55. On the basis of these submissions, learned counsel for the petitioner has framed following legal grounds for consideration:
1.Whether the impugned order satisfies the degree of satisfaction as laid down in the case of Hardeep Singh Vrs. State of Punjab reported in (2014) 3 SCC 92 and Brijendra Singh Vs. State of Rajasthan reported in (2017) 7 SCC 706?
2.Whether depriving the petitioner of the opportunity to be heard before passing he impugned order has resulted its miscarriage of justice?
3. Whether the learned Trial Court can order a sanction to be filed before itself for passing of a formal order of cognizance?

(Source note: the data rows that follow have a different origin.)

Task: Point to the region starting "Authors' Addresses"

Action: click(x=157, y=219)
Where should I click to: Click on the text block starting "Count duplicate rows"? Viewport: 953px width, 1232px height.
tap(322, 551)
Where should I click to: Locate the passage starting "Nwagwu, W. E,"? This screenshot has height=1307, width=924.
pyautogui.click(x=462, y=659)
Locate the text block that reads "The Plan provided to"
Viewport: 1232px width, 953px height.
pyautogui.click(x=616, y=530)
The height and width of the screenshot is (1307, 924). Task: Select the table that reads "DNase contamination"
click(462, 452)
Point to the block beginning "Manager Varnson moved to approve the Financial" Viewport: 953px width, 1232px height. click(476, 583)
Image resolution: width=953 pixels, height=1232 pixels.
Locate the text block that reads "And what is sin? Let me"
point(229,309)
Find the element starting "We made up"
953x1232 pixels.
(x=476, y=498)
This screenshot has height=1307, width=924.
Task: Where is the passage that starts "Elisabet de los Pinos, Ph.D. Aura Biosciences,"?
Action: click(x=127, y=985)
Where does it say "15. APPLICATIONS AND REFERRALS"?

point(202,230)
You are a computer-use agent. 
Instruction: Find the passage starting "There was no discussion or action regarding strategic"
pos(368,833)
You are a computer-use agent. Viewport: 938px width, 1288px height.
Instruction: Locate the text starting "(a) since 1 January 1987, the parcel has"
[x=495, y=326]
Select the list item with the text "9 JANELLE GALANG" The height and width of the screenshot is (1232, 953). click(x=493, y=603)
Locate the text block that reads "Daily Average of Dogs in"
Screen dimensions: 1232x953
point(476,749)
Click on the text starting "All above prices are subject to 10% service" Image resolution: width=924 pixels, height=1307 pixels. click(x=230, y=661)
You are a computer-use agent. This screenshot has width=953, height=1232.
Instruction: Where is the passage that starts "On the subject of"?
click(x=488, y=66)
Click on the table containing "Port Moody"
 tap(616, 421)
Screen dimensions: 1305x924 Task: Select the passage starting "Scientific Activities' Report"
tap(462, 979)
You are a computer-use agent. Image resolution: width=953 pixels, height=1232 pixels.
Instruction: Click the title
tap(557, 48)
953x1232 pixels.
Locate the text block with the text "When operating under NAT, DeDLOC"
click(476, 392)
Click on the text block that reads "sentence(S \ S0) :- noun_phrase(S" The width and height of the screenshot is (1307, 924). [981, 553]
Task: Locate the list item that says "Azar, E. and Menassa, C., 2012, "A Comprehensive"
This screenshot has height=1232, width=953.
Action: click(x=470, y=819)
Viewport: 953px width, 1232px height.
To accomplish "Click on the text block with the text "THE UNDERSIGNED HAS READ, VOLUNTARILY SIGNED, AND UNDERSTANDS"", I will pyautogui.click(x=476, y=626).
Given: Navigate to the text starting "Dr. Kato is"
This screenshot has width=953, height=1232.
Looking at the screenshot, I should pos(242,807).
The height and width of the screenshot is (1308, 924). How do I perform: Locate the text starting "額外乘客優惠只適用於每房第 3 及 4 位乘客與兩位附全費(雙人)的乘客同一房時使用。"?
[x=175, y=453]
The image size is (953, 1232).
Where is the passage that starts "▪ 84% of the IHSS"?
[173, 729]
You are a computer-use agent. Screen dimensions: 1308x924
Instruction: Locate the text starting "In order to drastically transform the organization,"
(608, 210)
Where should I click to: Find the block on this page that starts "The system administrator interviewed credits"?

4.Whether the impugned order suffers from misconceived understanding of foundational fact as the petitioner is arrayed as accused on an understanding that the petitioner is an Investigating Officer, whereas the fact remains that the petitioner was not the Investigating Officer?
Learned counsel for the petitioner submits that since the order of arraignment of the petitioner Mr. D.P. Ojha has been quashed by this Court in Cr.M.P. No. 973 of 2018, therefore, there is no foundation for the order to survive as against this petitioner. The petitioner has been faithfully serving the organization. Petitioner has diligently conducted investigation in a number of Fodder Scam Cases such as R.C.20A/96, 40A/96,51A/96,68A/96, 78A/96, 03A/01. This petitioner has been adduced as prosecution witness on behalf of the CBI as P.W.245 in the instant R.C. Case as well as in many other R.C. cases. On the basis of the evidence adduced by the prosecution including this petitioner, conviction have been recorded by the learned CBI Court in many such cases. He has also received letters of appreciation from his superiors in discharge of his duty. If the order of arraignment is not set aside, it would lead to miscarriage of justice and an abuse of process of the Court.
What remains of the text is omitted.